Background / Context
• Diethylene glycol (DEG) has caused fatal poisoning outbreaks globally—most notably in Gambia (2022) and Jammu (2020).
• The WHO has repeatedly urged member nations to strengthen testing for DEG and ethylene glycol in liquid drugs.
• India’s Health Ministry has intensified random drug sampling following multiple export-related warnings.

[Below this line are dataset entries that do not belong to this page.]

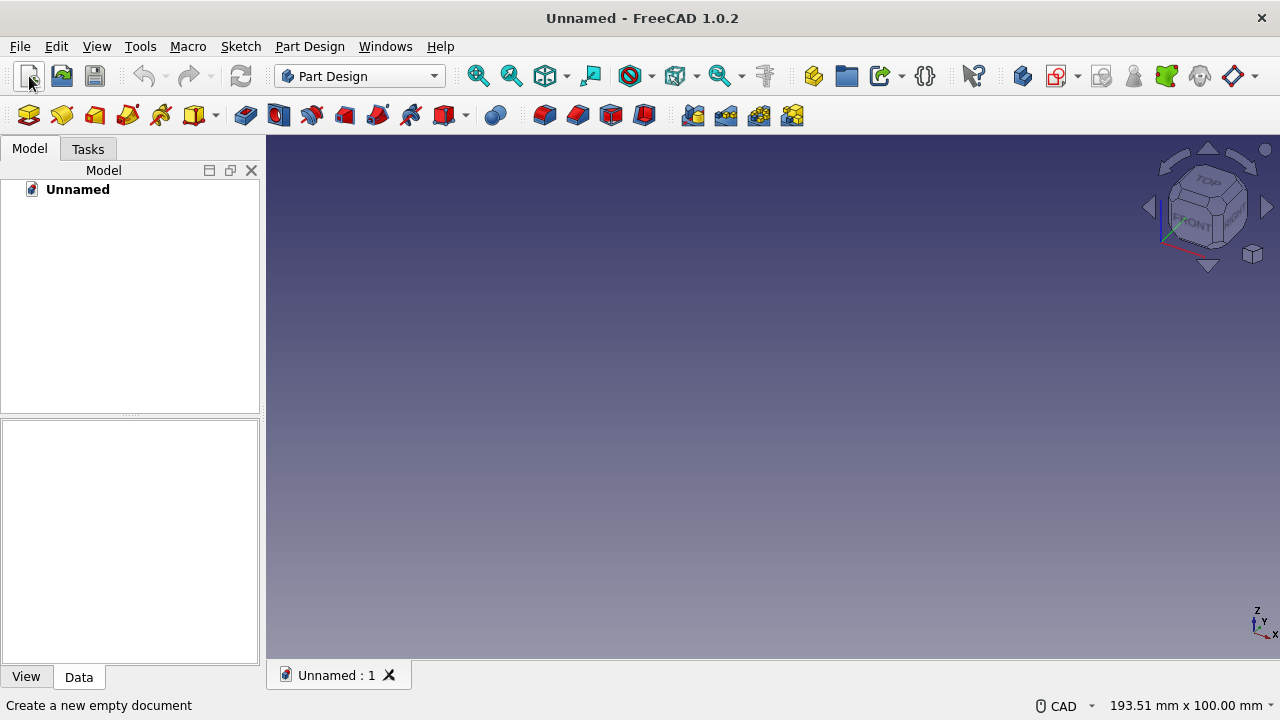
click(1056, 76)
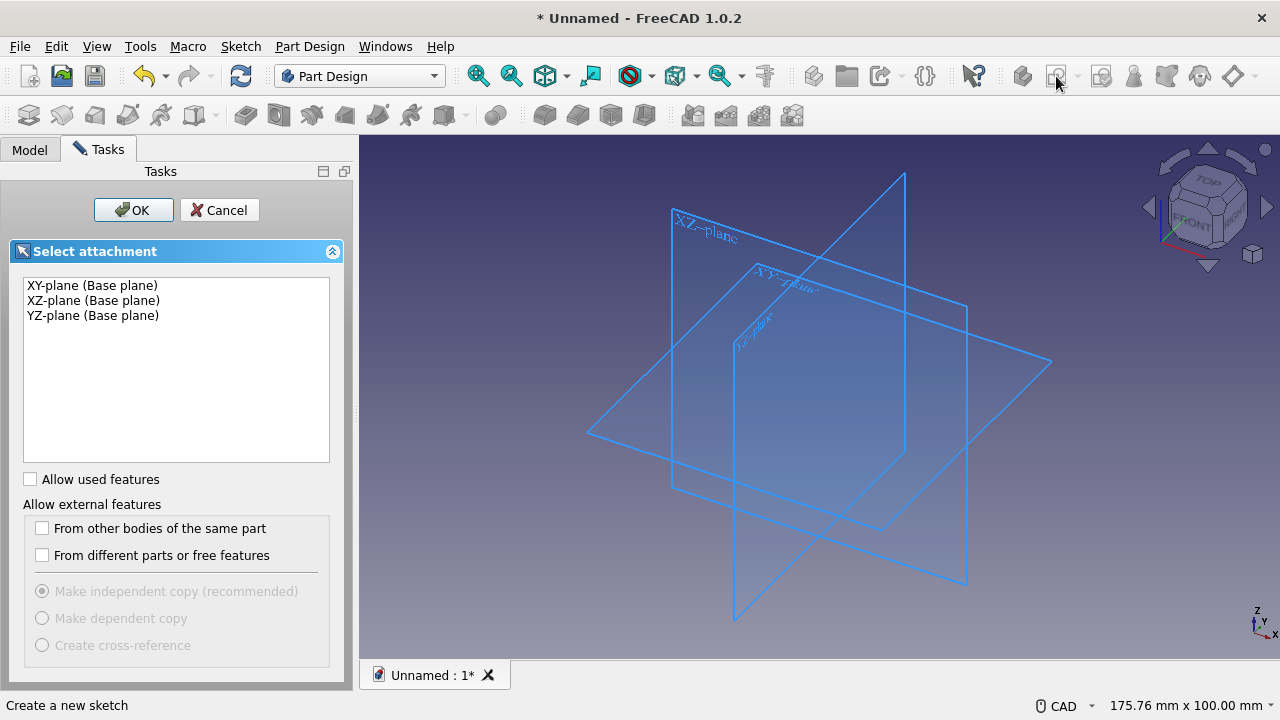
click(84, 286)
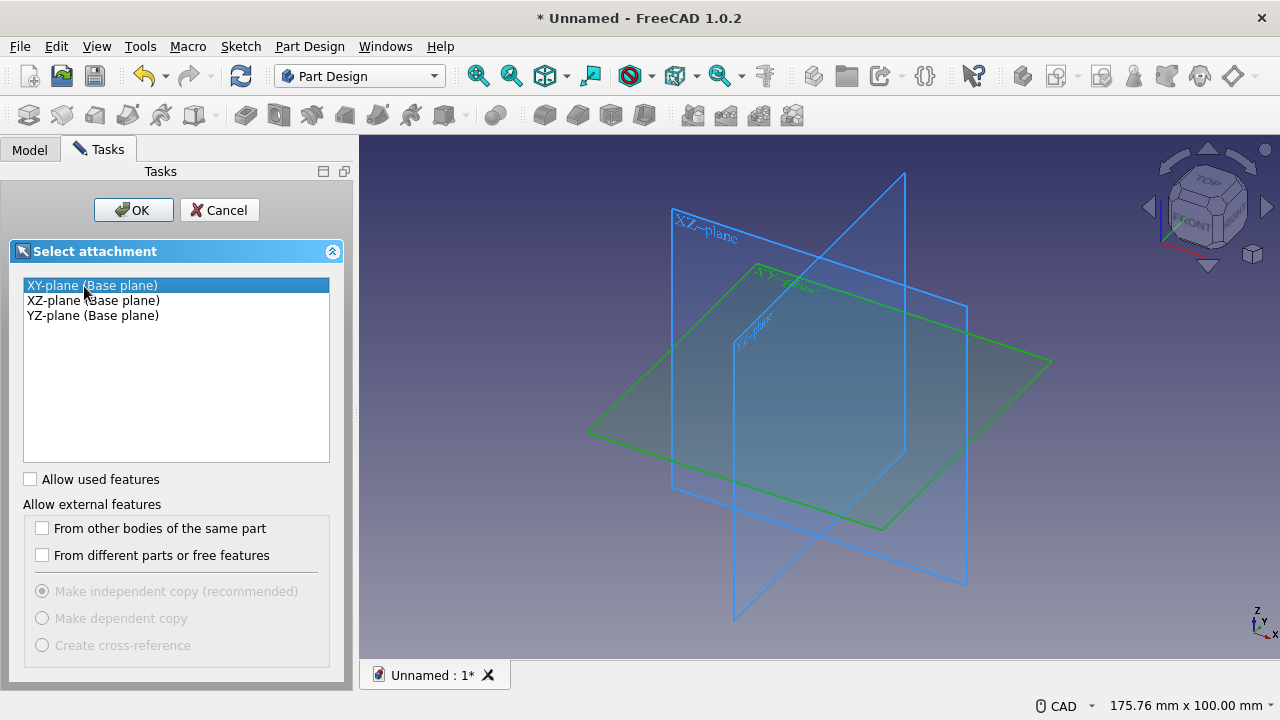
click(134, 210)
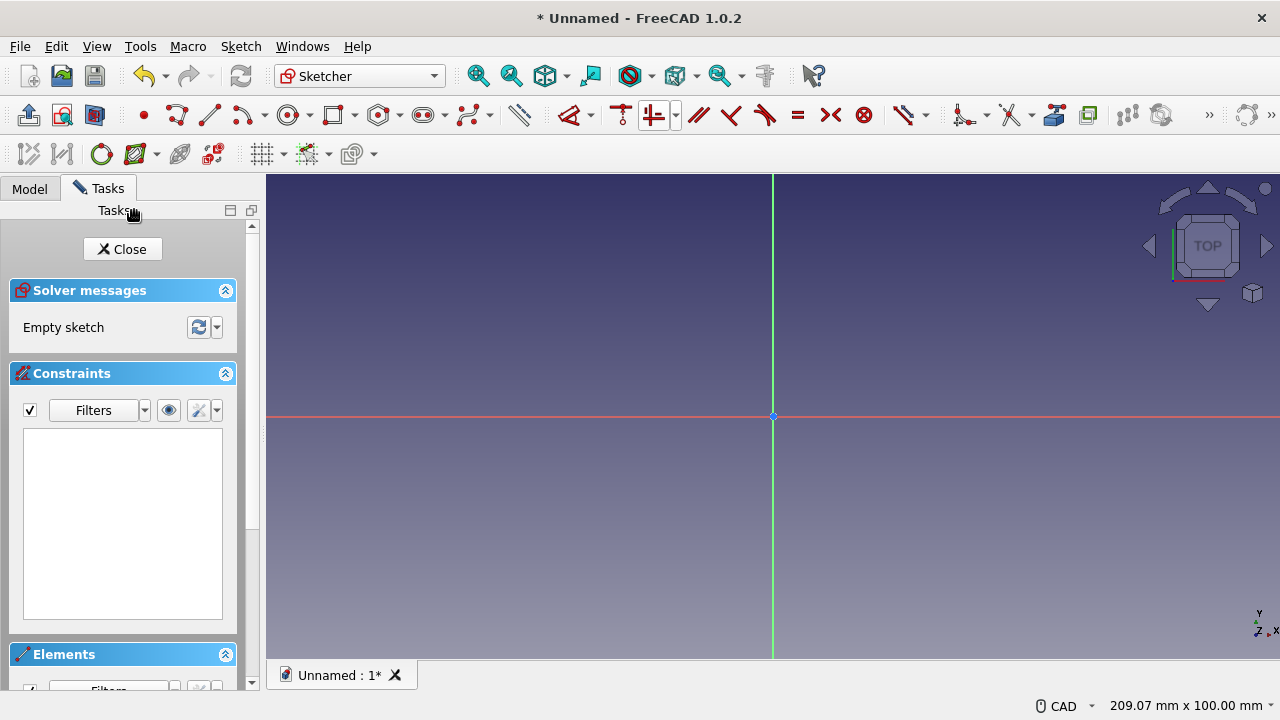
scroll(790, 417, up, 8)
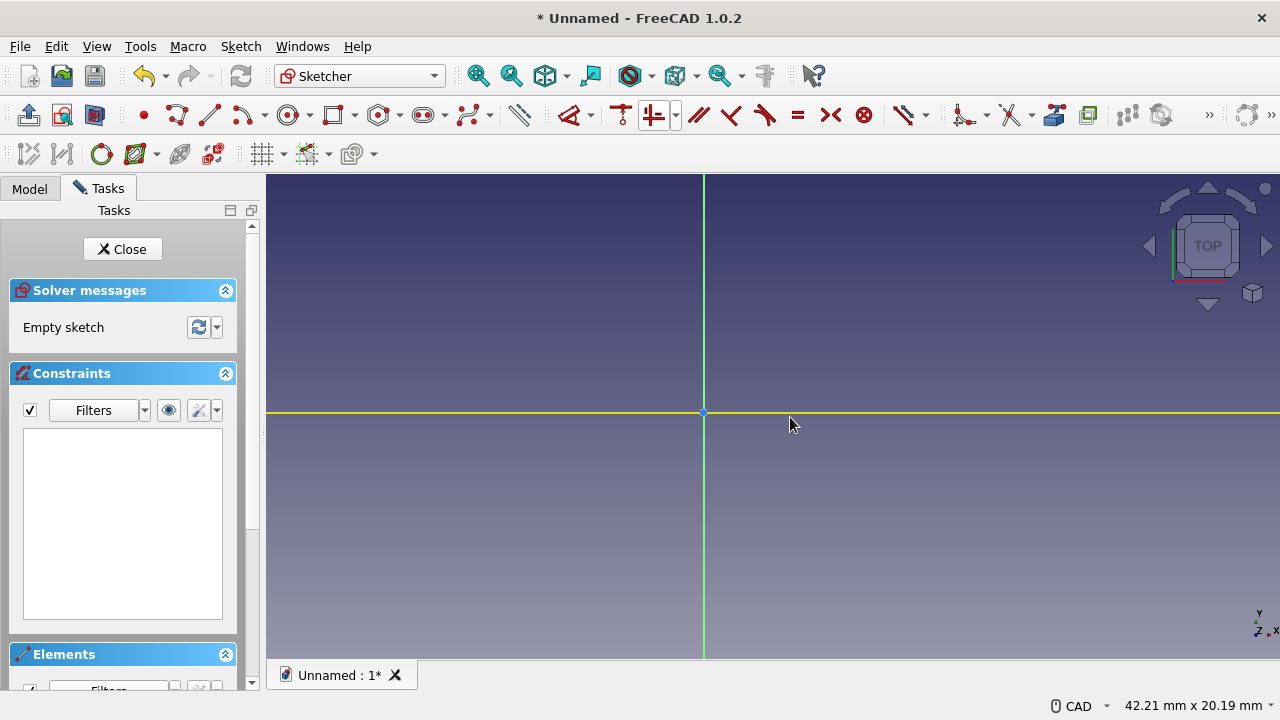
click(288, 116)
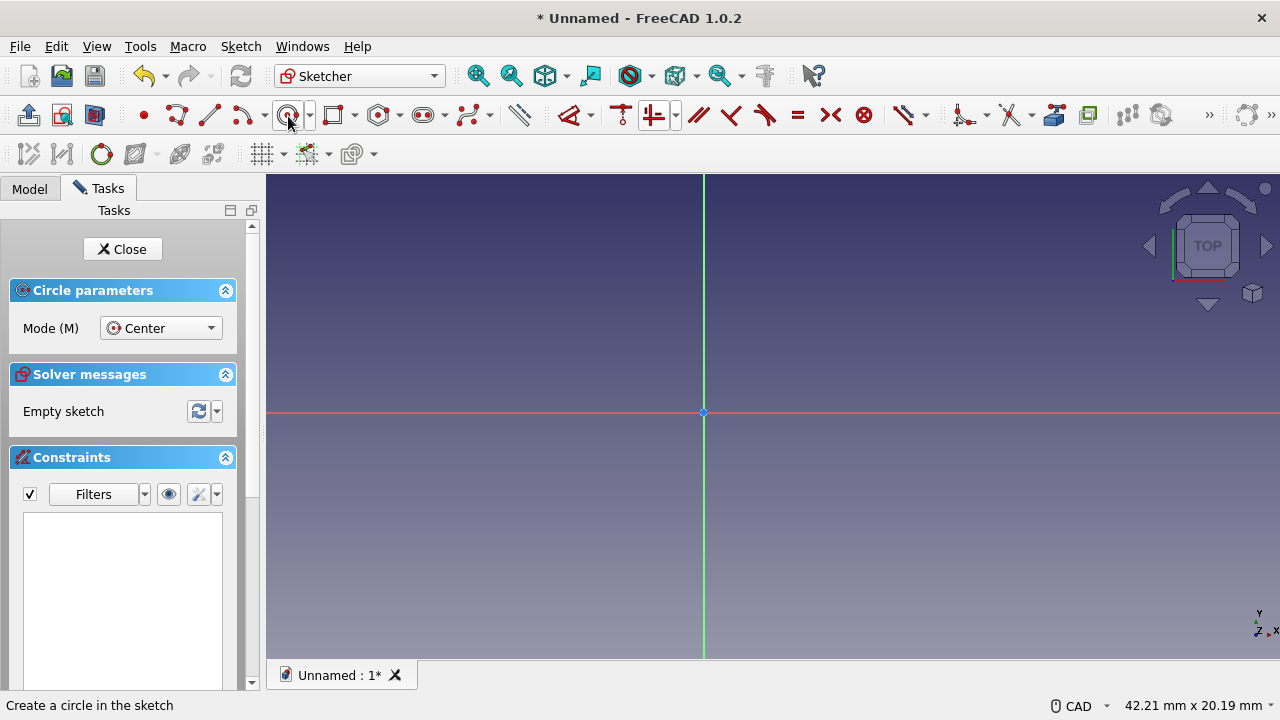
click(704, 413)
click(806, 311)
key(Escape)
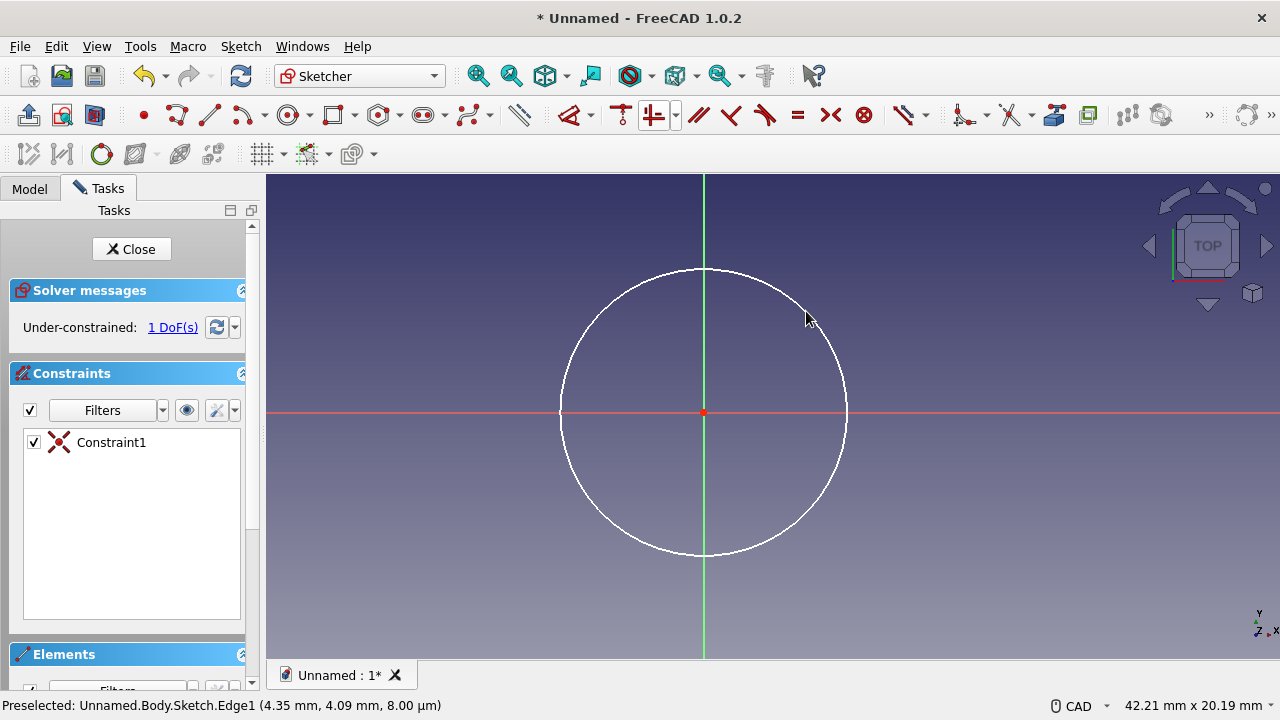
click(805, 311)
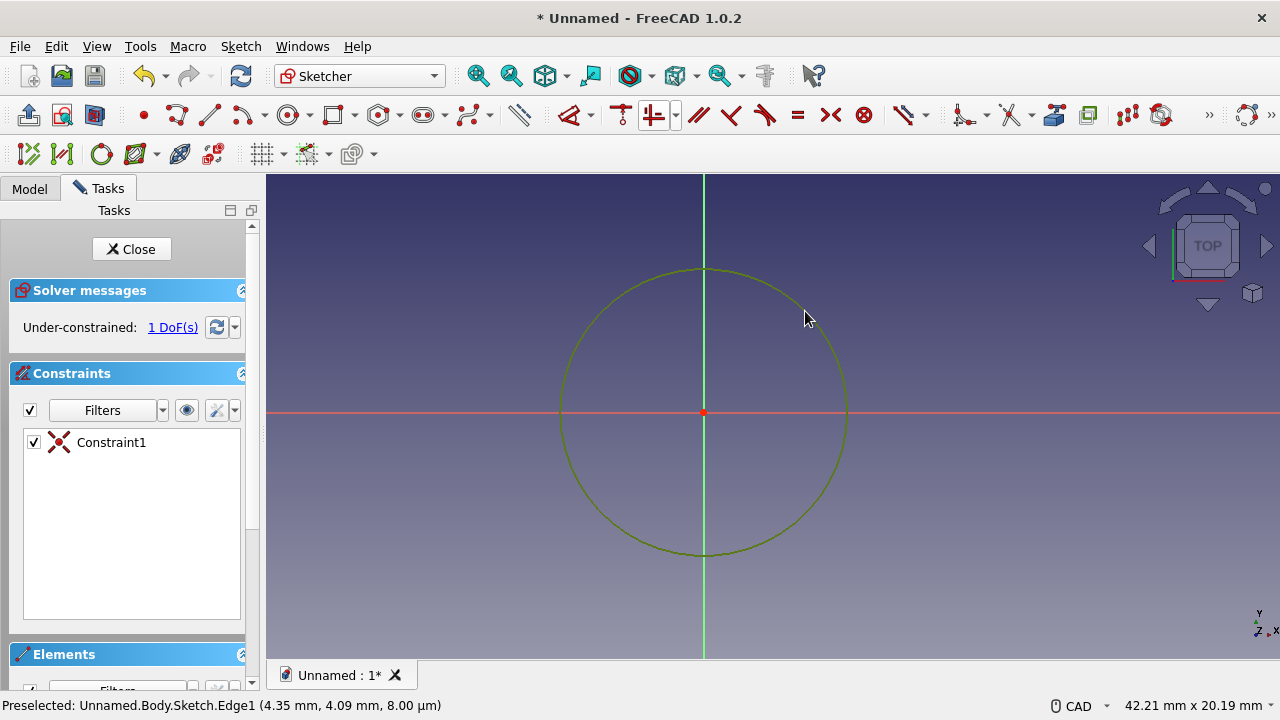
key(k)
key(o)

• Under the Drugs and Cosmetics Act, knowingly prescribing or selling adulterated drugs can lead to imprisonment of up to 10 years.
Implications
The case may prompt a nationwide audit of paediatric syrups and private prescriptions, especially in smaller towns. Legal proceedings against the doctor and manufacturer could set a precedent for shared liability in medical negligence involving banned or unsafe drugs. Public trust in rural healthcare delivery faces renewed strain.
Conclusion
As the probe expands to Tamil Nadu and other supply hubs, the incident underscores systemic cracks in India’s pharmaceutical regulation and medical ethics enforcement. Ensuring accountability from factory to clinic will be critical to restoring public confidence.